The hyperscaler keynotes all echoed the imperative for faster speeds now. The industry does not have the luxury of waiting 3-5 years between generations as AI drives interconnect demands higher every year. If and how this challenge can be met was the main focus of the workshop, and it will preoccupy the industry throughout 2025.
Background
Electrical and optical signaling in datacenter optics is based on PAM4 and it has migrated from 50G to 100G to 200G over the last few years. The transitions have been generally orderly, with technological advancements in DSP speeds, optical modulator capabilities, and packaging progressing in a predictable way. However, the challenges are daunting as we approach 400Gbps per lane, especially in the electrical domain where 400G signals may not reach from the switch chips or GPUs to the optics.
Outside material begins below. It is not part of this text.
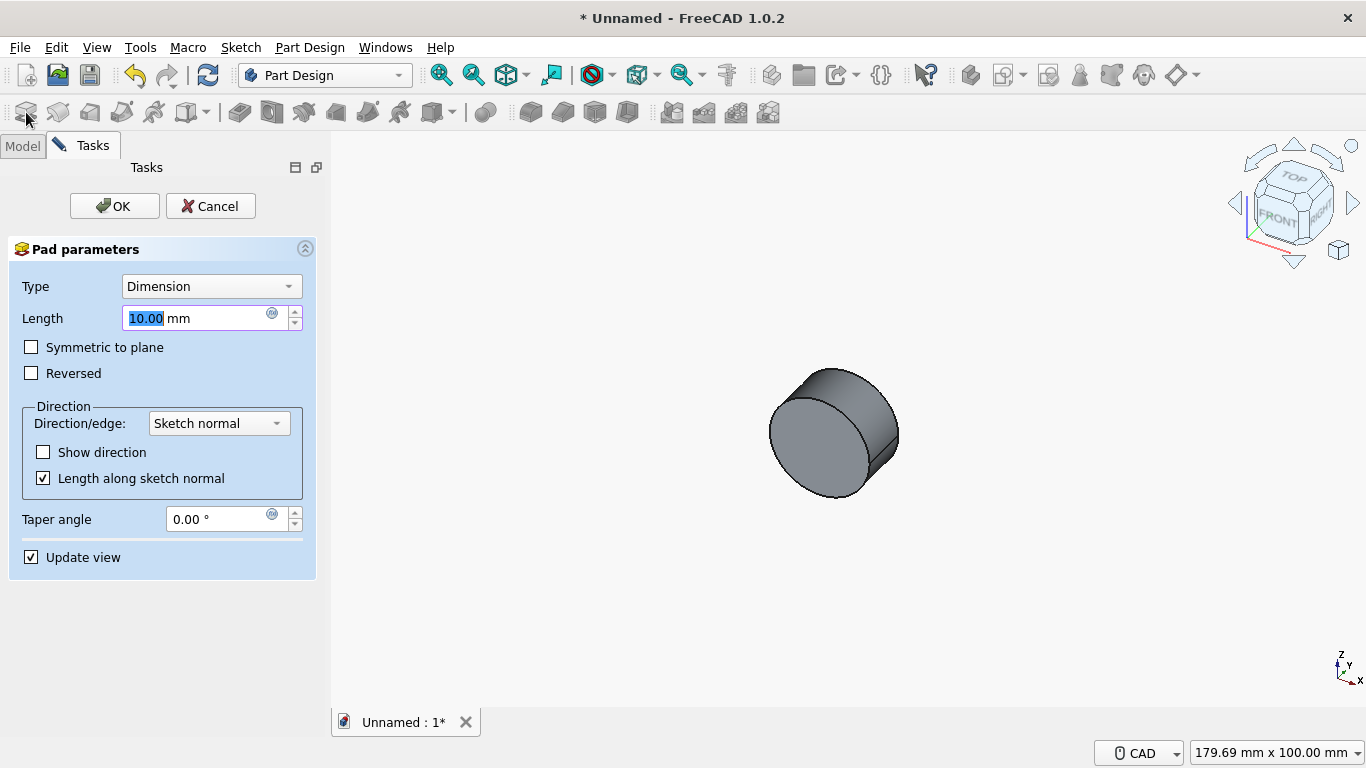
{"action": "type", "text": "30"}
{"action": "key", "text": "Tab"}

Module Speed | Electrical Speed | Optical Speed |
---|---|---|
400GbE | 50Gbps x 8 | 100Gbps x 4 |
800GbE | 100Gbps x 8 | 100Gbps x 8 200Gbps x 4 (emerging) |
1.6TbE | 200Gbps x 8 | 200Gbps x 8 |
3.2TbE | Options: 400Gbps x 8 200Gbps x 16 | Options: 400Gbps x 8 200Gbps x 16 Coherent Lite |
Electrical and Optical signal speeds in datacenter optics
Workshop Observations
The Industry is coalescing around PAM6 signaling as the way to get 400Gbps electrical signals from chips to modules. As the number of amplitude levels increases, the baud rate (symbols/second) reduces, and signals can propagate further. PAM8 is also an option, but signal to noise ratio (SNR) becomes more challenging as the received eye openings are smaller. There were a few presentations positing that PAM4 may yet have legs, but PAM4 will require improved connector designs and other hardware improvements to operate at 224 Gbaud. Employing PAM6 at 150 Gbaud seems to be an ideal middle ground between the simplicity of PAM4 and the SNR issues of PAM8.
On the optical side, 224 GBaud PAM4 remains the modulation of choice. Though its signals will not go as far as current PAM4 (112GBaud) and may have difficulty reaching beyond the 2km FR specification, PAM4 works much better in the optical domain than in the electrical domain and is still a valid option at 400G. Note that OFC featured several demonstrations of 400G PAM4 optical transmission.
The industry would like to avoid electrical to optical data rate conversion between PAM6 and PAM4, as these gearboxes add power to modules. This could lead to PAM6 optical, but more likely the concerns will be glossed over as gearboxes are integrated into the DSPs. Gearboxing has a long history in datacenter optics and is currently in wide use for 400G (50Gbps to 100Gbps) and some 800G (100Gbps to 200Gbps) modules.
Co-packaged copper is increasingly looking like a requirement for 400G electrical connections, with copper pads directly on the chips connecting to flyover cables to reach the distances needed for both front and backplane connections. Backplanes made of cables rather than printed circuit boards may also be required.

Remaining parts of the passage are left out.